Nasıl ki 17-25 Aralık operasyonu, Irak Kürdistan Bölgesel Yönetimi ile Türkiye arasındaki petrol ittifakından gelen paranın ABD bankasına değil de Halkbank'a yatmasından ve İran'a yönelik ambargoyu delen finans kaynağının ABD şirketlerine aktarılmasını önleyecek düzenlemelerle Halkbank'a yatmasından bağımsız okunamazsa, 6-8 Ekim Katliamı da ABD'nin 'katkısı' görmezden gelinerek okunamaz.

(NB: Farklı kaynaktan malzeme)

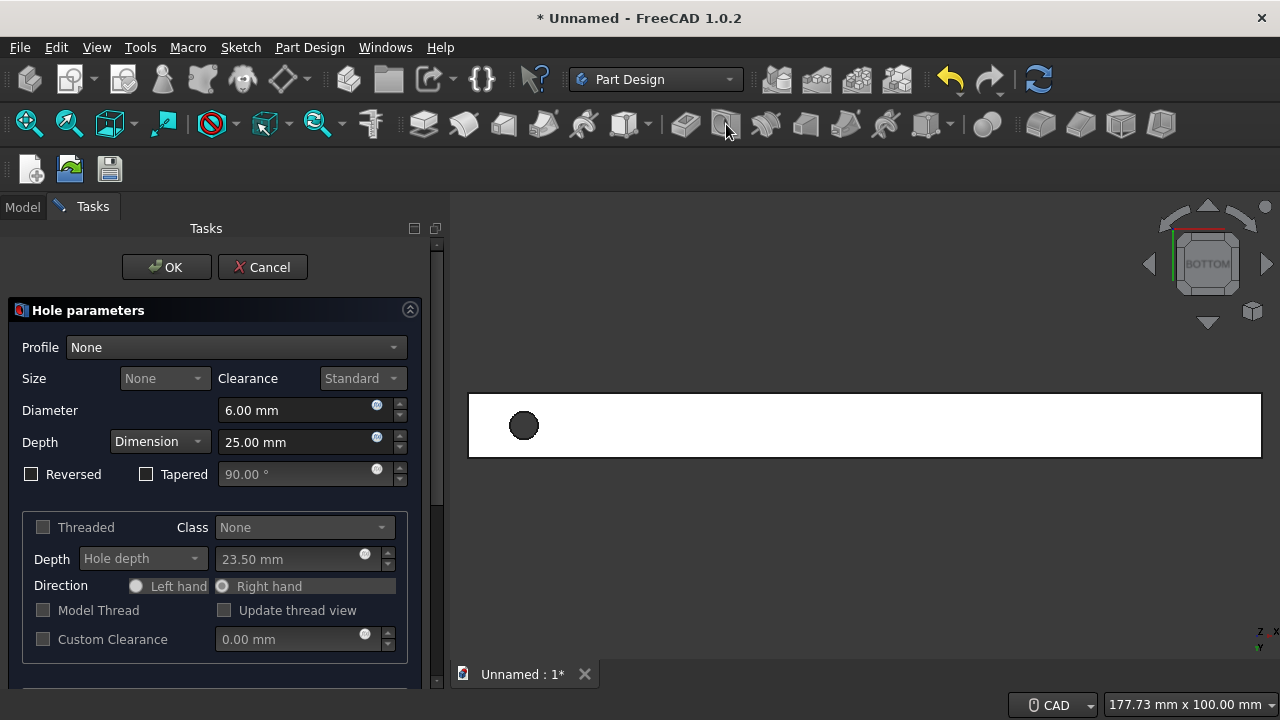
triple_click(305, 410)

Türkiye'nin DAEŞ'e destek verdiği haberleri ilk ve en çok ABD basınında yer almıştır. Türkiye kamuoyu bu hususta paralel yapının MİT TIR'larını durdurmasından itibaren işlenmiş, HDP'nin de şayiayı bir 'ana politika' haline getirmesiyle başarıya ulaşmıştır. 'İslâm bayrağı altında birleşmek' metaforunu işleyen ilk Newroz çağrısıyla başlayan sürecin sonunda bölge öyle bir hale getirilmiştir ki sakallı ve başörtülü eşi olmak, dindar hayat tarzı, DAEŞ'çiliğe delil sayılmıştır. Soyları melelerden gelen Kürt gençleri bu psikolojiye adım adım işlenerek sokulmuştur.

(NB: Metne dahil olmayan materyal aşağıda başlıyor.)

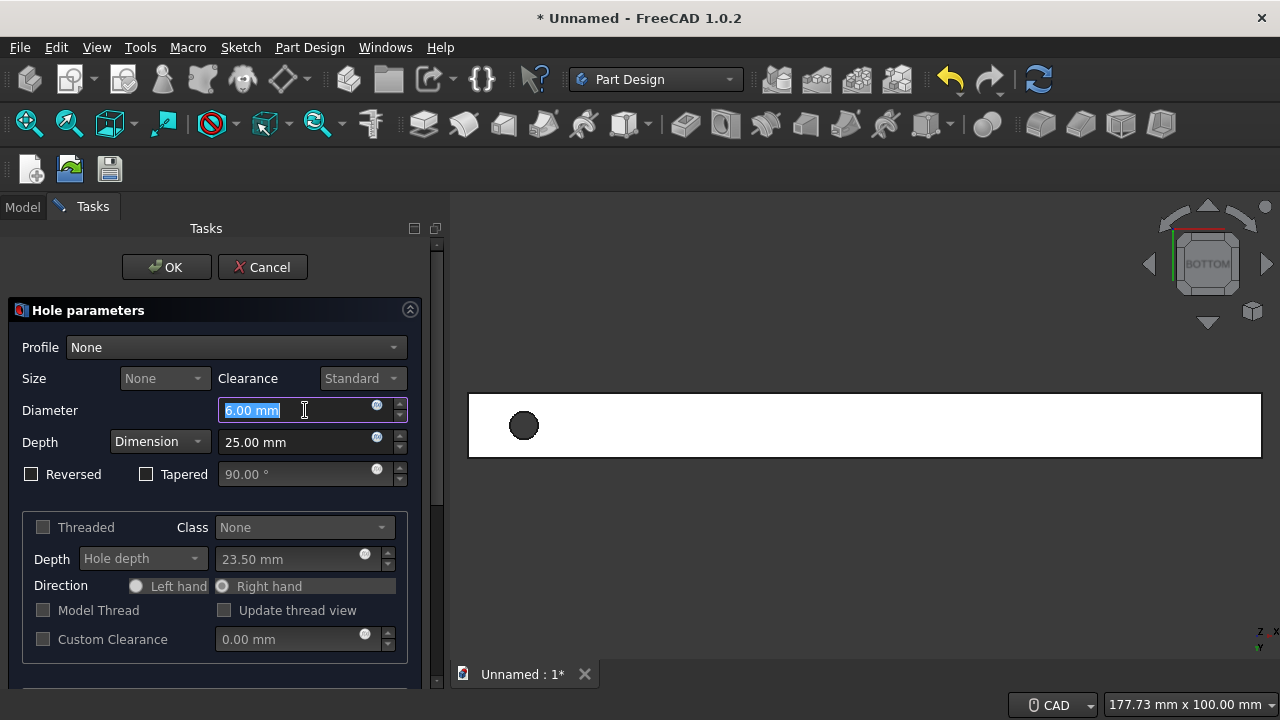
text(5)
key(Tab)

ABD'nin ilk katliamların gerçekleşmesinin ardından, 7 Ekim gecesi, ilk kez Kobane'deki DAEŞ'i bombalamasının bir tesadüf olduğunu mu sanıyorsunuz? (Öyleyse İncirlik Üssü'nün açılmasından sonra haberlerin durmasını, şimdi de Rus basınının ve Rusya finanslı yabancı gazetelerin bu temayı işlemeye başlamasını nasıl okuyacağız?)